- **Problem description**:
Starting with the line containing "o Avol=1Meg GBW=10Meg Slew=10Meg hi=0 lo=0" and going on through the line containing "Parts are at", return the lines of the data below exactly, and only those.

Available records Block Start

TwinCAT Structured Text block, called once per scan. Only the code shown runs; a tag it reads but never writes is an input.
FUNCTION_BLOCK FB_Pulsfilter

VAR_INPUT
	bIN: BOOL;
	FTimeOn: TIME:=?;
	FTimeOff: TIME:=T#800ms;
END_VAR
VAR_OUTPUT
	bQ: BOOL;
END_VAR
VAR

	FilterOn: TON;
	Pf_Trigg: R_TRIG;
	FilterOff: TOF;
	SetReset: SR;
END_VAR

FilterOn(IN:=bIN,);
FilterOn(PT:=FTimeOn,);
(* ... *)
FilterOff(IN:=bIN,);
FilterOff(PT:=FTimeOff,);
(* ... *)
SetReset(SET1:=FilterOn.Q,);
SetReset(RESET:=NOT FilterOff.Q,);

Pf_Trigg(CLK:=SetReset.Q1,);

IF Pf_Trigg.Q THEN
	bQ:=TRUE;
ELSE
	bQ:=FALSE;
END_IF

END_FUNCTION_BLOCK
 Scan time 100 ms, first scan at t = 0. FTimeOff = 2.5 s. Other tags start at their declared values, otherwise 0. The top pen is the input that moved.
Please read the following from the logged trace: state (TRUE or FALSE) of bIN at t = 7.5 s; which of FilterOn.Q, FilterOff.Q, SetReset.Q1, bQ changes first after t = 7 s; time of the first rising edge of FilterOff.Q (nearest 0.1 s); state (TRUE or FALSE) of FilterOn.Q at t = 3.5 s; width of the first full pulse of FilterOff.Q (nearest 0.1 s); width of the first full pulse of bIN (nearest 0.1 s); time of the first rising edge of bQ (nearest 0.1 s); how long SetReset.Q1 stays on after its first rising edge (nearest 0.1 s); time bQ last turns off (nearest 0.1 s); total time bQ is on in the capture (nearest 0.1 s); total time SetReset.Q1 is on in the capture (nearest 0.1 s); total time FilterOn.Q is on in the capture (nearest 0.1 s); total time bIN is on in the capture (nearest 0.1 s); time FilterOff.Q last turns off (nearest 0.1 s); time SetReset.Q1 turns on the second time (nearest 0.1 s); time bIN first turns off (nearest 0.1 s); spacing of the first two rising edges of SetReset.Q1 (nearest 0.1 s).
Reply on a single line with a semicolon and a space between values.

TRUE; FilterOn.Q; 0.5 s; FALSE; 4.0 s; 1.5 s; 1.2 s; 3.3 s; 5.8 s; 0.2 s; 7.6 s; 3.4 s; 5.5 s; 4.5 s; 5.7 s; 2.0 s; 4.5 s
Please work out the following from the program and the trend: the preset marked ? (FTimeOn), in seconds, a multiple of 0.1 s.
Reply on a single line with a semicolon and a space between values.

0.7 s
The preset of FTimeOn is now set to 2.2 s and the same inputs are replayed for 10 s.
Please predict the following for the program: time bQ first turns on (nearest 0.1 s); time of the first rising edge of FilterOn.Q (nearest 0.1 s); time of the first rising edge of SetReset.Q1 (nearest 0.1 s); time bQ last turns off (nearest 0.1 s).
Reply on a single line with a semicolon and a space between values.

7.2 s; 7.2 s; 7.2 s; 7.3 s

Available records Block End
Available records Block Start

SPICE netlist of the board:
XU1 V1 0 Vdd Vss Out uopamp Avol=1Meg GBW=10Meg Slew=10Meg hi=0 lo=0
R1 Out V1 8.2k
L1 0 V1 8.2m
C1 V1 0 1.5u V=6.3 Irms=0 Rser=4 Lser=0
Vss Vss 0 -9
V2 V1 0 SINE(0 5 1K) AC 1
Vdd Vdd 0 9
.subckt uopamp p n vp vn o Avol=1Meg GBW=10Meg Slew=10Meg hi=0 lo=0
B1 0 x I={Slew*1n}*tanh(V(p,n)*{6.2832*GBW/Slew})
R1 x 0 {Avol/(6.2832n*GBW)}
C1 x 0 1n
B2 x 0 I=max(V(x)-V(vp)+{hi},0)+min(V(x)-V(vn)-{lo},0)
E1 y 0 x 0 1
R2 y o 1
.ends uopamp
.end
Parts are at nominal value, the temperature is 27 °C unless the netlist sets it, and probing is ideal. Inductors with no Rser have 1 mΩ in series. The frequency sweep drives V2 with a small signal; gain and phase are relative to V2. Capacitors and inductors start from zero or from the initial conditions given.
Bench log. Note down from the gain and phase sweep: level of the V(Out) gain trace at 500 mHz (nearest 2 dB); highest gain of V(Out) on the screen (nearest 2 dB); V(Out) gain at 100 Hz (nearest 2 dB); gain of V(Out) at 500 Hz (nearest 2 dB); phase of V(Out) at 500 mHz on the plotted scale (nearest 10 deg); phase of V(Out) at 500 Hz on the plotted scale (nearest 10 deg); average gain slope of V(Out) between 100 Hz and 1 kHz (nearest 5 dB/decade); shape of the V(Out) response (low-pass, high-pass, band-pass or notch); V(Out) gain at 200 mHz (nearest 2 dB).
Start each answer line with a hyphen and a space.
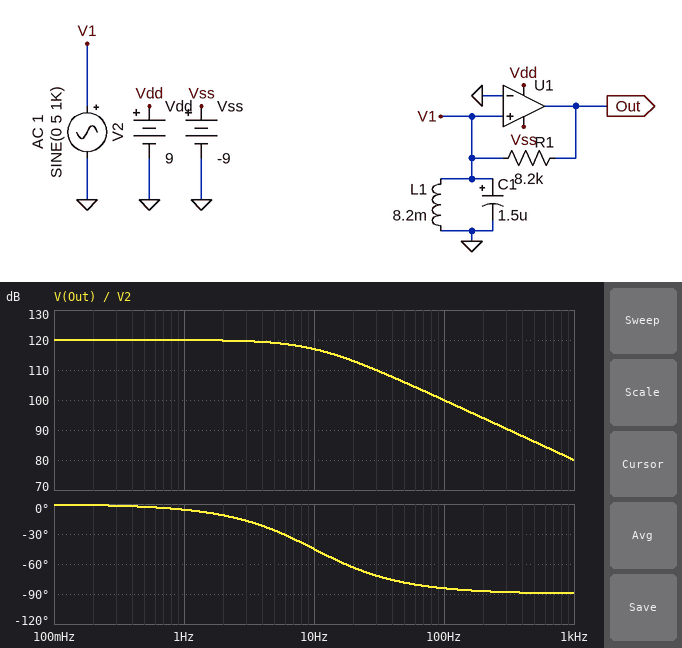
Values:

Available records Block End

- **Response area**:
.subckt uopamp p n vp vn o Avol=1Meg GBW=10Meg Slew=10Meg hi=0 lo=0
B1 0 x I={Slew*1n}*tanh(V(p,n)*{6.2832*GBW/Slew})
R1 x 0 {Avol/(6.2832n*GBW)}
C1 x 0 1n
B2 x 0 I=max(V(x)-V(vp)+{hi},0)+min(V(x)-V(vn)-{lo},0)
E1 y 0 x 0 1
R2 y o 1
.ends uopamp
.end
Parts are at nominal value, the temperature is 27 °C unless the netlist sets it, and probing is ideal. Inductors with no Rser have 1 mΩ in series. The frequency sweep drives V2 with a small signal; gain and phase are relative to V2. Capacitors and inductors start from zero or from the initial conditions given.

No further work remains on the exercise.